Hi All,
I am facing this issue since I updated to 2.1 and we are up to 2.2.0p35cee now. Agent versions are 2.0.0p33 on linux hosts and the windows hosts 2.2.0p35
I have no problems with the checkmk fetcher helpers on my servers (distributed setup) except for two of them. These two servers have less services and less hosts than the other servers while they have the same configuration as the others. I tried a lot of things and searched the forums. Tried to up the number of helpers to even 500, but no difference. I get no errors in the debug logs.
I am stuck here. Monitoring seems to work reasonable. We tried to up the memory and CPU, but I actually don’t want add anymore, because it just seems to be down to these two and they sure have enough if the others are having no problems at all.

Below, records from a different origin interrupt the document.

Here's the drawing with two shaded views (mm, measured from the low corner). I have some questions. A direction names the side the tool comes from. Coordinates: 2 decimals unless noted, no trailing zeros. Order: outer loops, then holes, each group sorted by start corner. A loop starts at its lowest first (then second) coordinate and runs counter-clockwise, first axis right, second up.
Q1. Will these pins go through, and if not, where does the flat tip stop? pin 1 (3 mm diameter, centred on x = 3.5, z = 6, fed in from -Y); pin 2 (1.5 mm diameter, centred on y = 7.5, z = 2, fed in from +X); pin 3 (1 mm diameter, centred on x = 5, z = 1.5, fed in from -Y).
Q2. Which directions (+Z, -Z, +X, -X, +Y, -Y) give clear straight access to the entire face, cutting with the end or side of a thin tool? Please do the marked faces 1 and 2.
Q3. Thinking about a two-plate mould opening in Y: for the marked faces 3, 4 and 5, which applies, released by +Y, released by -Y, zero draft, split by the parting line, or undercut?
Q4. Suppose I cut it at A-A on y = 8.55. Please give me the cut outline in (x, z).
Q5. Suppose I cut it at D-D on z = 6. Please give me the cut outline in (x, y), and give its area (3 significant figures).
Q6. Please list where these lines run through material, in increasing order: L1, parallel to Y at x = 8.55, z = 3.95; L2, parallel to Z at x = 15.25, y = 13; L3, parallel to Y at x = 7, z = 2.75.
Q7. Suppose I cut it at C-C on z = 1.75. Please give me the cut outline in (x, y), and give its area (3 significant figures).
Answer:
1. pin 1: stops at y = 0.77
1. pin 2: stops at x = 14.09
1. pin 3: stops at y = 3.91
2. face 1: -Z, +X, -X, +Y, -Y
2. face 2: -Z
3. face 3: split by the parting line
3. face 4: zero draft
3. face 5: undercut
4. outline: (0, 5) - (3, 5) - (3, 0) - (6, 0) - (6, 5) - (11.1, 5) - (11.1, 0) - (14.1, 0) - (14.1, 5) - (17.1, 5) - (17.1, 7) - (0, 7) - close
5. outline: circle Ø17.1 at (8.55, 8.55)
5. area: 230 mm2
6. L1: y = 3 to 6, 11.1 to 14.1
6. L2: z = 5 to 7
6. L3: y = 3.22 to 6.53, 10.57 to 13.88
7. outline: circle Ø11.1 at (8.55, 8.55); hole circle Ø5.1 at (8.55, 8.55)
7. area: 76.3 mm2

I took one of them out of distribution now to troubleshoot (again…), but nothing seems to have an impact, no matter what I do.
I read the KB article, but that doesn’t seem to help much. A lot I checked already.
I ran the query for the slow running active checks, but I am not sure what is long?
if you see the whole time “Check_MK Discovery” and “Check_MK HW/SW Inventory” checks running - please check the “check interval” for these services. Normally they run only every 2/4/6 hours or so but not at every normal check interval.
You system looks like it runs these checks more often than it is needed.
Also i would inspect the “Check_MK” service runtime if it is not a SNMP device.
Agent devices should not take longer than 1-3 seconds . You screen shows way longer runtimes of the “Check_MK” service. This can lead also to problems.
If I did something wrong or you have some concerns about the above, please let me know. I know my way around, but sometimes get lost in all the options in check_mk, plus I still see myself as a rookie, although I do work with every day
15 minutes check interval for the “Check_MK” service itself is not good as all your services that are passive checks will only be checked every 15 minutes.
As i said i would only check the interval for the “Check_MK Discovery” and the “Check_MK HW/SW Inventory” service.
For the HW/SW inventory you should have a rule in your system like here.
The discovery check interval normally is defined with the rule “Periodic service discovery”.
In your last screenshot you have a complete other amount of hosts 796 vs. 289 as before.
With around 800 hosts the 16 cores can also be a little bit low.
Check_MK service runtime around 3 seconds → 3 * 800 = 2400 seconds needed / 16 cores → 150 seconds needed for a full check cycle. With a average runtime of 1 seconds the 16 cores would be enough.
Conclusion: more CPU cores needed for a practical check interval of your services.
I would normally raise the interval to not more than 2 minutes for the services.
For special services you can make an different configuration but the Check_MK service should be in the range 1-3 minutes.
Thanks for that, It’s weird that it shows so much hosts on the omd performance check and says something different on the main dashboard of that site… [edit] the screenshot taken is from the other site I have with the same problem. I will up the CPU
I already had the feeling that the 15 minutes wasn’t really correct. I removed the rule now and the fetcher usage is almost 100% again…
I already had a rule set up for “Check_MK HW/SW Inventory” and that is set to 1 day (not my doing, but it has been like that before I stepped in)
In Periodic service discovery I have a couple of rules, but none of them straight in Main
I think this one has the most impact, but this one I haven’t set up myself as well
May you check the ‘Time spent waiting for Checkmk agent’ of your check_mk service.
The longer the fetcher needs to fetch the date of your agents the more fetchers are occupied → The higher is the ‘Fetcher Helper Usage’.
I see you have a quite high number of services compared to the number of hosts. Possible you may have some long running plugins?
Also WAN speed sometimes issues run time of fetchers.
I tried to find this ‘Time spent waiting for Checkmk agent’ setting, but can’t find it (or it has not been configured)
Can you please point out where to find or set it?
After sitting with our new support partner, we found the culprit. The global setting for the checkmk fetchers gets overwritten in the site specifics settings in the distributed monitoring set up. We set some more fetchers there and all is OK there. I couldn’t find this in the documentation, maybe it is there somewhere, but…
This topic was automatically closed 365 days after the last reply. New replies are no longer allowed. Contact an admin if you think this should be re-opened.